About Archive Tags RSS Feed

 

The problem with the English language is all those pesky words

29 June 2008 21:50

There exist many bayasian/statistical spam filters, ranging from products such as spambayes, and spamassassin, to crm114. Each of them works in their own way. Having used and tested almost all of them I've noticed a common flaw.

The vast majority of spam-filters struggle to correctly classify "419 scam" mails, lottery fraud, and similar mails.

Why is that? In general, having read hundreds of these mails, I can see several things that are common in these kind of the mails:

  • Mention of currency in both numeric and word forms. ($1,000,000 + 1 million US dollars)
  • Mention of a country / nationality (Sierra Lione, Nigerian)
  • Mention of a reference/claim number and often "official address".
  • Christian references.
  • Greetings such as "dear friend", and mentions of discretion/secrecy.
  • Size. (A scam mail is typically greater in length than an average spam mail).

Whilst none of these individually are indicative of a scam mail it is interesting to count their combined occurance.

I've written a toy program to count these things, and so far the success rate is >60% which is a reasonable start - providing this kind of detection occurs after normal filtering.

I may experiment further, but I figured a public query on scam detection might be appropriate.

Whilst the detecting a scam mail is a subset of detecting a spam email there are probably simplifications that may be made, and exploring those wouldn't be a bad thing.

ObQuote: Buffy.

| 3 comments

 

Comments on this entry

icon cstamas at 18:12 on 29 June 2008
Did you tried dspam?
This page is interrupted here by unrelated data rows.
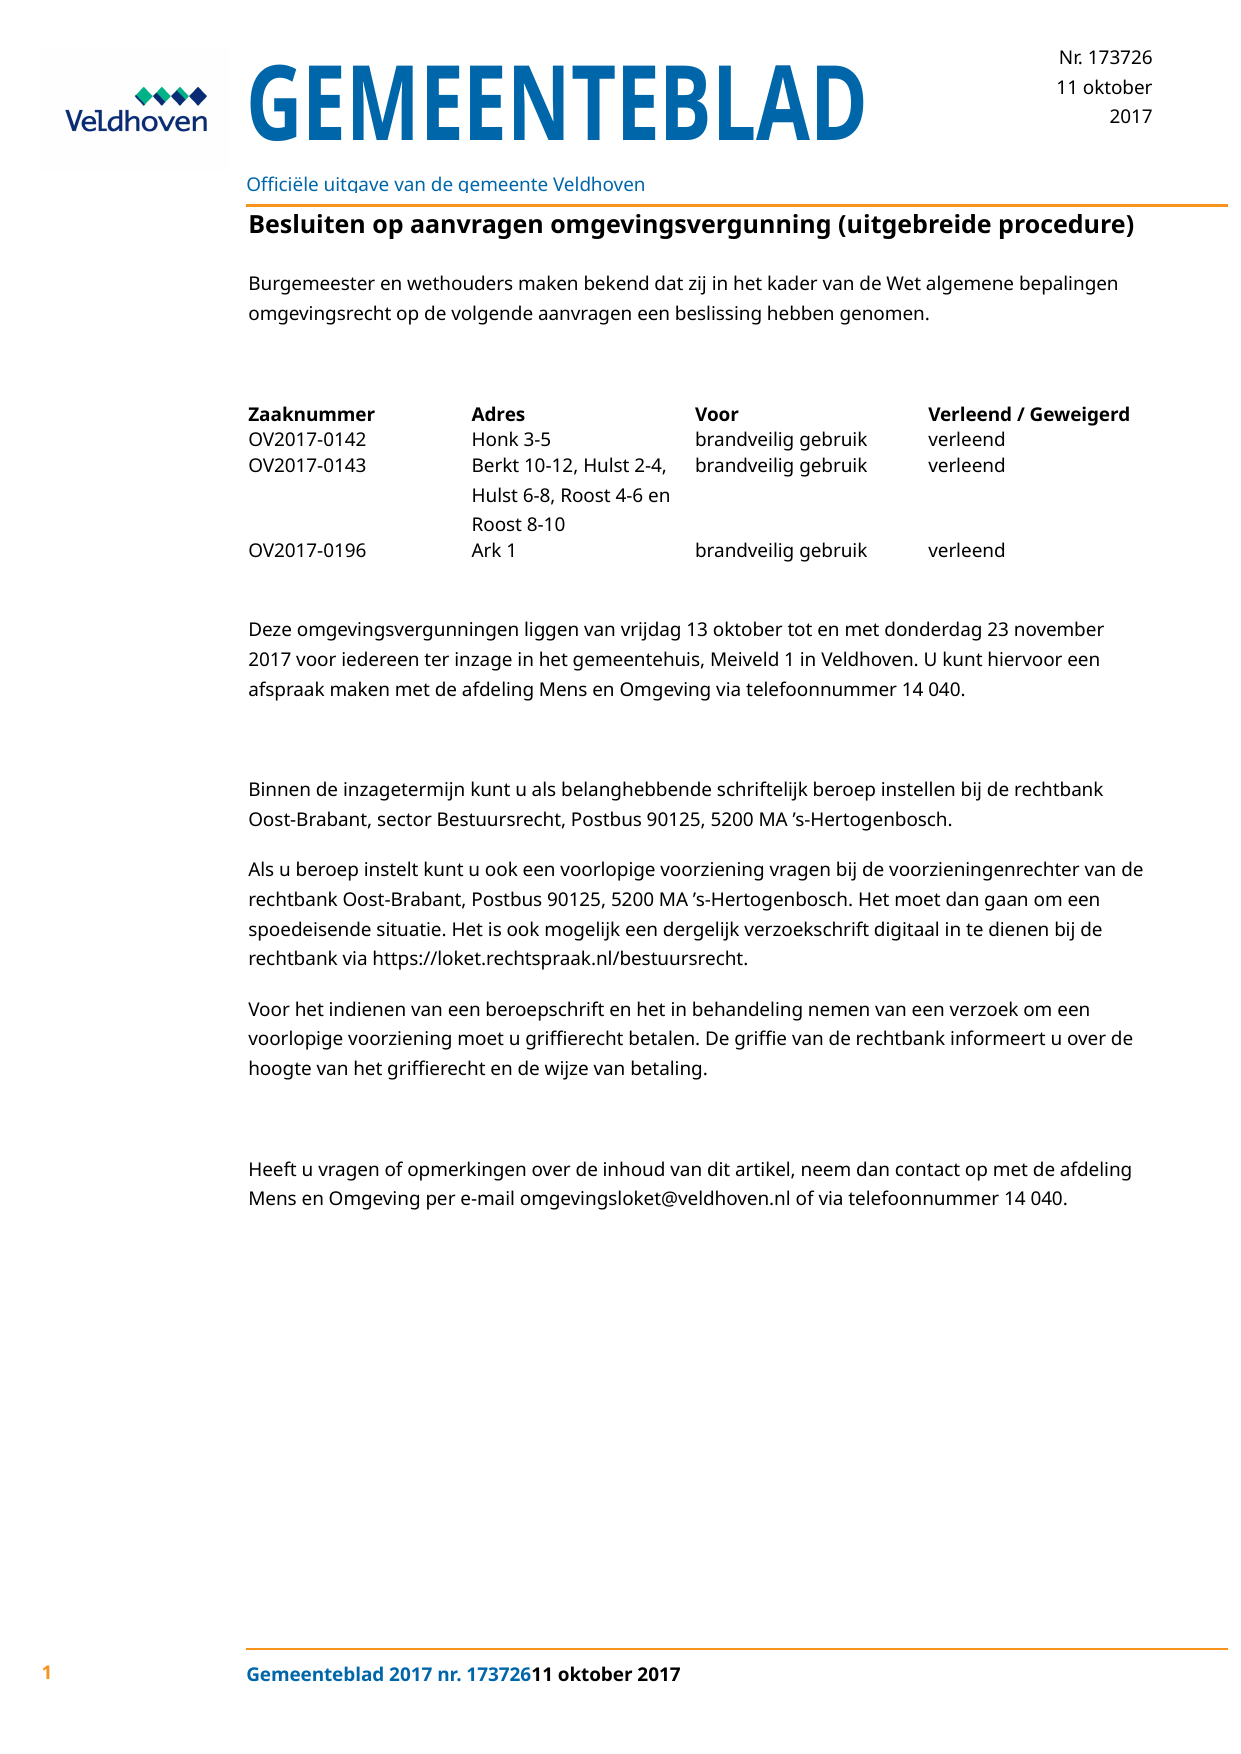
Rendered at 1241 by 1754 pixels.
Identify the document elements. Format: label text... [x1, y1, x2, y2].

table_cell Ark 1 [471, 537, 695, 563]
table_cell verleend [928, 537, 1152, 563]
table_cell verleend [928, 427, 1152, 452]
text Binnen de inzagetermijn kunt u als belanghebbende schriftelijk beroep instellen bij de rechtbank Oost-Brabant, sector Bestuursrecht, Postbus 90125, 5200 MA ’s-Hertogenbosch. [248, 777, 1152, 832]
text Als u beroep instelt kunt u ook een voorlopige voorziening vragen bij de voorzieningenrechter van de rechtbank Oost-Brabant, Postbus 90125, 5200 MA ’s-Hertogenbosch. Het moet dan gaan om een spoedeisende situatie. Het is ook mogelijk een dergelijk verzoekschrift digitaal in te dienen bij de rechtbank via https://loket.rechtspraak.nl/bestuursrecht. [248, 857, 1152, 971]
text Voor het indienen van een beroepschrift en het in behandeling nemen van een verzoek om een voorlopige voorziening moet u griffierecht betalen. De griffie van de rechtbank informeert u over de hoogte van het griffierecht en de wijze van betaling. [248, 996, 1152, 1081]
table_cell verleend [928, 452, 1152, 537]
table_cell brandveilig gebruik [695, 427, 928, 452]
table_header Zaaknummer [248, 401, 471, 427]
text Deze omgevingsvergunningen liggen van vrijdag 13 oktober tot en met donderdag 23 november 2017 voor iedereen ter inzage in het gemeentehuis, Meiveld 1 in Veldhoven. U kunt hiervoor een afspraak maken met de afdeling Mens en Omgeving via telefoonnummer 14 040. [248, 617, 1152, 701]
table_cell brandveilig gebruik [695, 537, 928, 563]
text Besluiten op aanvragen omgevingsvergunning (uitgebreide procedure) [248, 207, 1152, 241]
table_header Adres [471, 401, 695, 427]
table_cell OV2017-0142 [248, 427, 471, 452]
text Heeft u vragen of opmerkingen over de inhoud van dit artikel, neem dan contact op met de afdeling Mens en Omgeving per e-mail omgevingsloket@veldhoven.nl of via telefoonnummer 14 040. [248, 1156, 1152, 1211]
table_cell Berkt 10-12, Hulst 2-4, Hulst 6-8, Roost 4-6 en Roost 8-10 [471, 452, 695, 537]
table_cell OV2017-0143 [248, 452, 471, 537]
table_header Voor [695, 401, 928, 427]
table_cell brandveilig gebruik [695, 452, 928, 537]
table_cell Honk 3-5 [471, 427, 695, 452]
picture [41, 47, 231, 172]
text Burgemeester en wethouders maken bekend dat zij in het kader van de Wet algemene bepalingen omgevingsrecht op de volgende aanvragen een beslissing hebben genomen. [248, 270, 1152, 326]
table_header Verleend / Geweigerd [928, 401, 1152, 427]
table_cell OV2017-0196 [248, 537, 471, 563]
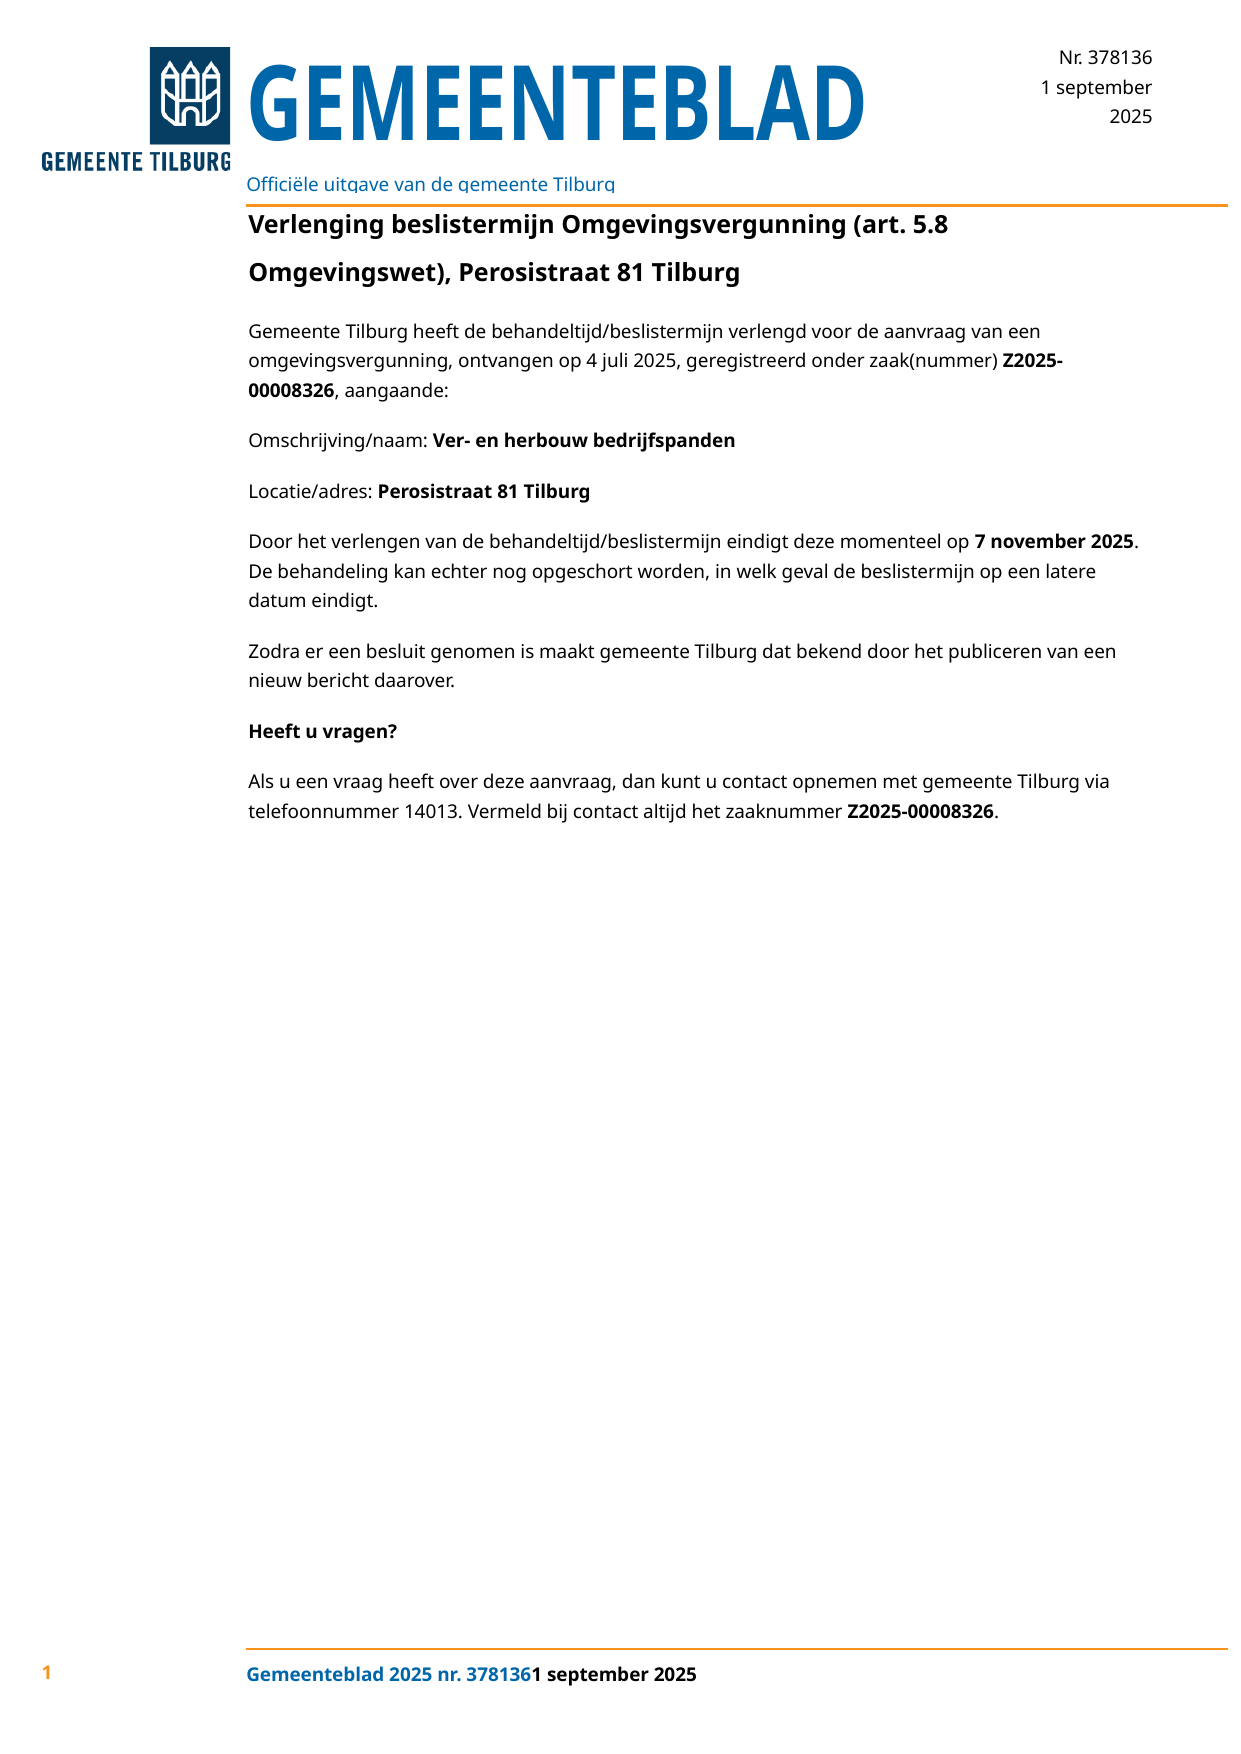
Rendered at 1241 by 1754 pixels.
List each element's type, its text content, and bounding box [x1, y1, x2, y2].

text Verlenging beslistermijn Omgevingsvergunning (art. 5.8 Omgevingswet), Perosistraat 81 Tilburg [248, 207, 1152, 288]
text Heeft u vragen? [248, 718, 1152, 744]
picture [41, 47, 231, 172]
text Gemeente Tilburg heeft de behandeltijd/beslistermijn verlengd voor de aanvraag van een omgevingsvergunning, ontvangen op 4 juli 2025, geregistreerd onder zaak(nummer) Z2025-00008326, aangaande: [248, 318, 1152, 403]
text Door het verlengen van de behandeltijd/beslistermijn eindigt deze momenteel op 7 november 2025. De behandeling kan echter nog opgeschort worden, in welk geval de beslistermijn op een latere datum eindigt. [248, 528, 1152, 613]
text Als u een vraag heeft over deze aanvraag, dan kunt u contact opnemen met gemeente Tilburg via telefoonnummer 14013. Vermeld bij contact altijd het zaaknummer Z2025-00008326. [248, 768, 1152, 824]
text Locatie/adres: Perosistraat 81 Tilburg [248, 478, 1152, 504]
text Zodra er een besluit genomen is maakt gemeente Tilburg dat bekend door het publiceren van een nieuw bericht daarover. [248, 638, 1152, 693]
text Omschrijving/naam: Ver- en herbouw bedrijfspanden [248, 427, 1152, 453]

Maybe it's worth a try.
icon Marek at 09:17 on 30 June 2008
Hi Steve,
I filter my mailbox using just crm114, and I have to say it's a long time since I remember a 419 making it into my Ham folder. I glanced through the few days of Spam (15k messages) and there are plenty of them there, so I guess my crm114 CSS tables have learned "millions", "dollars", "dear friend", "confidential", "inheritance", "address" and "passport" in close proximity are bad signs.
Stay crispy,
Marek

icon Steve at 14:29 on 30 June 2008

I've tried dspam. In my use, and testing, CRM114 was better. But even that fails with a lot of the spam that I'm seeing.

Right now I'm detecting maybe 2 million spam mails a month, and having 10-20,000 messages be "unsure".